## What is being asked
Set down each of the records below exactly as it reads. No pictures go into the copy.

## Material provided

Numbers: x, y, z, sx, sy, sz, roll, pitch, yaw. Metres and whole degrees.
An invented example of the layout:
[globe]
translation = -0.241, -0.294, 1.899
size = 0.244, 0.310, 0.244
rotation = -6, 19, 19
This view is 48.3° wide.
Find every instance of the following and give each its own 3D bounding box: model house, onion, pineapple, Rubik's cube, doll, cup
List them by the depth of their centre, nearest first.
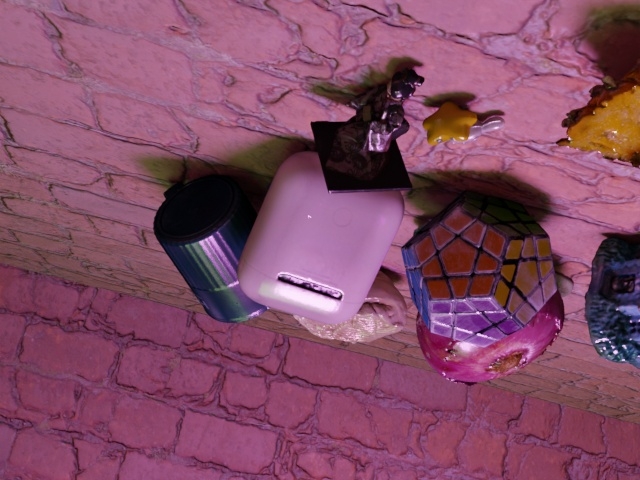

## Completed task
Numbers: x, y, z, sx, sy, sz, roll, pitch, yaw. Metres and whole degrees.
An invented example of the layout:
[globe]
translation = -0.241, -0.294, 1.899
size = 0.244, 0.310, 0.244
rotation = -6, 19, 19
This view is 48.3° wide.
Find every instance of the following and give each its own 3D bounding box: model house, onion, pineapple, Rubik's cube, doll, cup
List them by the depth of their centre, nearest first.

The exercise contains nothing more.